Figure 2.
Altered Late PTI Responses in ios1 Mutants and IOS1-OE Lines.
(A) and (C) Callose deposition. Leaves of 5-week-old ios1-1 and ios1-2 (A) were syringe infiltrated with 1 µM flg22 or elf26 and samples were collected 9 h (flg22) or 24 h (elf26) later for aniline blue staining. For IOS1-OE lines (C), leaves of 5-week-old Arabidopsis or 10-d-old seedlings were respectively syringe infiltrated with 1 µM flg22 or treated with 100 nM elf18 and samples were collected 6 h (flg22) or 16 h (elf18) later for aniline blue staining. Mock samples were infiltrated with MgSO4 (for flg22 and elf26) or water (for elf18). Numbers under the pictures are average ± sd of the number of callose deposits per square millimeter from at least two independent experiments each consisting of 6 plants (n = 12). Bar = 200 µm.

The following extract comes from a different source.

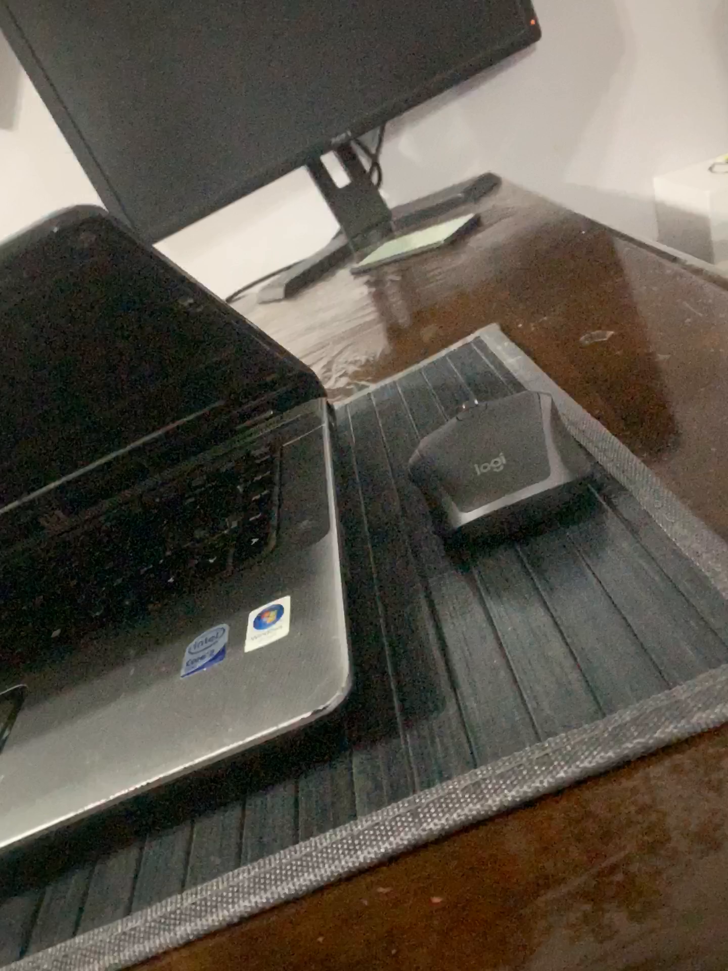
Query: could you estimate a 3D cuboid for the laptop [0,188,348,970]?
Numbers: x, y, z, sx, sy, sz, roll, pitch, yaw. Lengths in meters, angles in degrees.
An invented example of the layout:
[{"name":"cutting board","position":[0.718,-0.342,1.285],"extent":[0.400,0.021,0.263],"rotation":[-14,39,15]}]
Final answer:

(B) and (D) PTI-responsive gene FRK1 upregulation. Relative FRK1 expression levels were evaluated at 30 min posttreatment with 100 nM flg22 or elf18 in ios1-1 and ios1-2 mutants (B) or at 45 min posttreatment with 50 nM flg22 or elf18 in IOS1-OE lines (D). UBQ10 was used for normalization. Relative gene expression levels were compared with wild-type mock (Ler-0 or Col-0) (defined value of 1) by RT-qPCR analyses. The values are means ± sd of two independent experiments each with three batches of 20 plantlets (n = 6). Asterisks indicate a significant difference to wild-type controls based on a paired two-tailed t test (P < 0.01).